Stored data —
=== Begin Enclosure ===

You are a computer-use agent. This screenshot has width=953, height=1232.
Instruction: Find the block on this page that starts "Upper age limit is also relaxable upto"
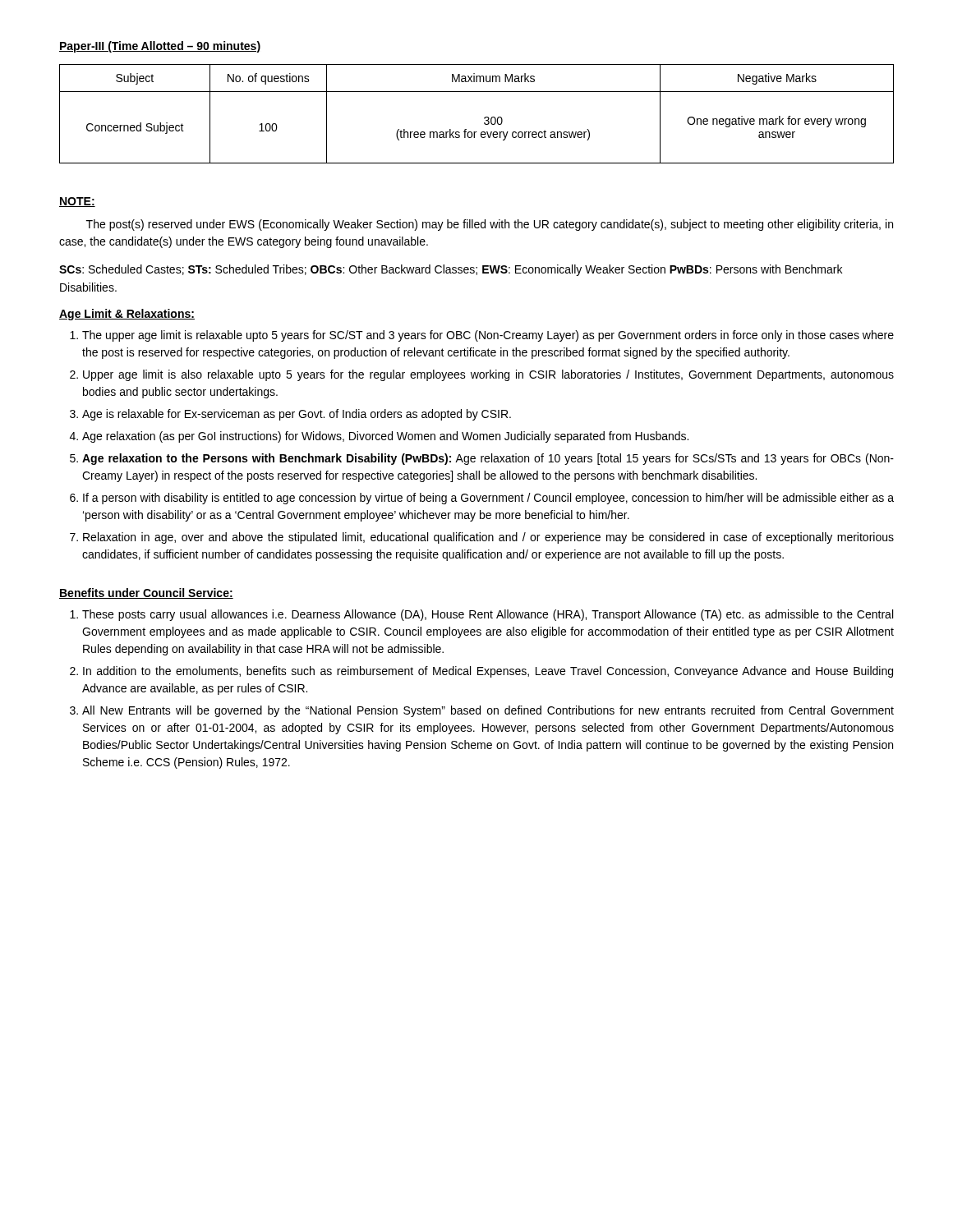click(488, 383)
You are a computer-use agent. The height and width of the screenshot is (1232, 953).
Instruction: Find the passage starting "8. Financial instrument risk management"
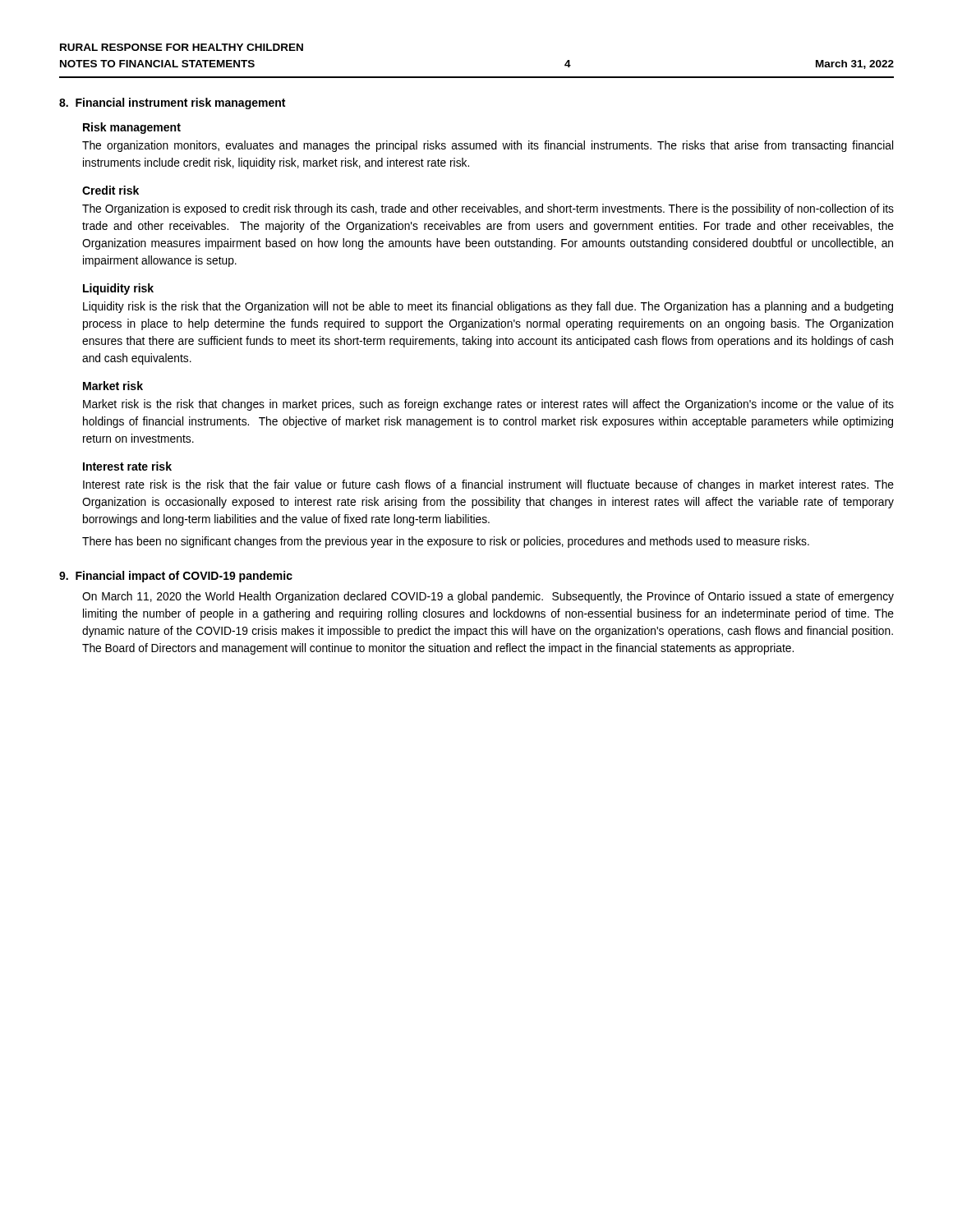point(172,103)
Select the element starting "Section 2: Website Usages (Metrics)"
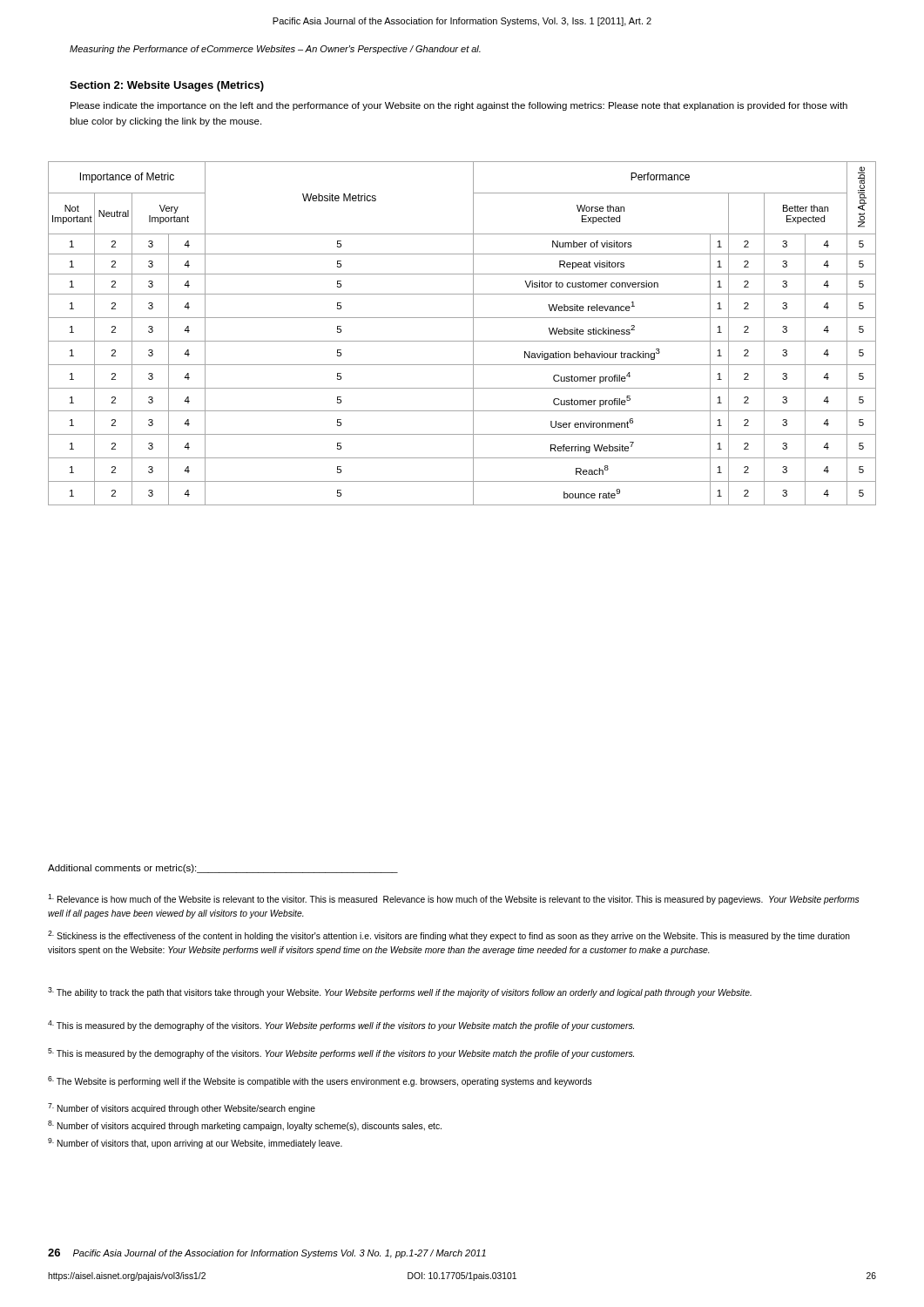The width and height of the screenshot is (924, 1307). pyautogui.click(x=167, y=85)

=== End Enclosure ===

What you should do —
Retype exactly the lines from the line containing "Instruction: Find the block" through the end of the entries above, including both ends, and leave every picture out.

Answer below —
Instruction: Find the block on this page that starts "Upper age limit is also relaxable upto"
click(488, 383)
You are a computer-use agent. The height and width of the screenshot is (1232, 953).
Instruction: Find the passage starting "8. Financial instrument risk management"
point(172,103)
Select the element starting "Section 2: Website Usages (Metrics)"
The width and height of the screenshot is (924, 1307). pyautogui.click(x=167, y=85)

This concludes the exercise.